Stored items
★ ★ ★ ★ ★ ★ ★

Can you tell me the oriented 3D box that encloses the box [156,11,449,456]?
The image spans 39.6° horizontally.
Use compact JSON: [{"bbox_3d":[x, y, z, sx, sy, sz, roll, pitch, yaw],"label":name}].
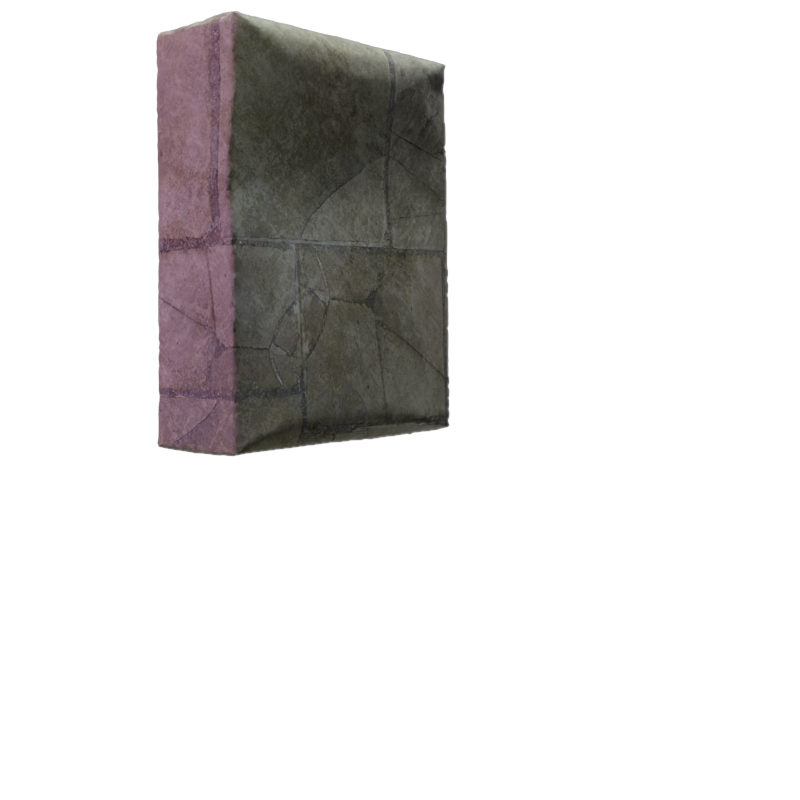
[{"bbox_3d":[-0.047,-0.085,0.596,0.074,0.216,0.157,-3,-3,44],"label":"box"}]
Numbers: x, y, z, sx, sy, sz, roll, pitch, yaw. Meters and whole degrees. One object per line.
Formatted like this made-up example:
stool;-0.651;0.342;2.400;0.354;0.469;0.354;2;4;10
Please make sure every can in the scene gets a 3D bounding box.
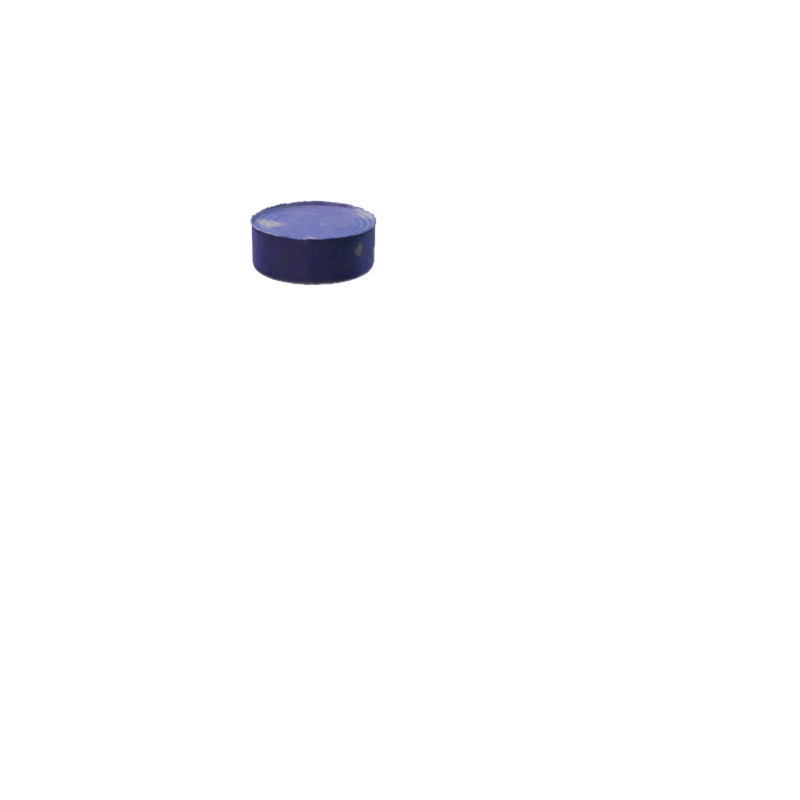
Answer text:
can;-0.059;-0.108;0.760;0.086;0.032;0.090;-1;25;-2

★ ★ ★ ★ ★ ★ ★

WHAT THE TASK REQUIRES: An exact printout of the entries is wanted, covering the first line through the line holding "stool;-0.651;0.342;2.400;0.354;0.469;0.354;2;4;10", with pictures kept out of it.

EXPECTED ANSWER:
Can you tell me the oriented 3D box that encloses the box [156,11,449,456]?
The image spans 39.6° horizontally.
Use compact JSON: [{"bbox_3d":[x, y, z, sx, sy, sz, roll, pitch, yaw],"label":name}].
[{"bbox_3d":[-0.047,-0.085,0.596,0.074,0.216,0.157,-3,-3,44],"label":"box"}]
Numbers: x, y, z, sx, sy, sz, roll, pitch, yaw. Meters and whole degrees. One object per line.
Formatted like this made-up example:
stool;-0.651;0.342;2.400;0.354;0.469;0.354;2;4;10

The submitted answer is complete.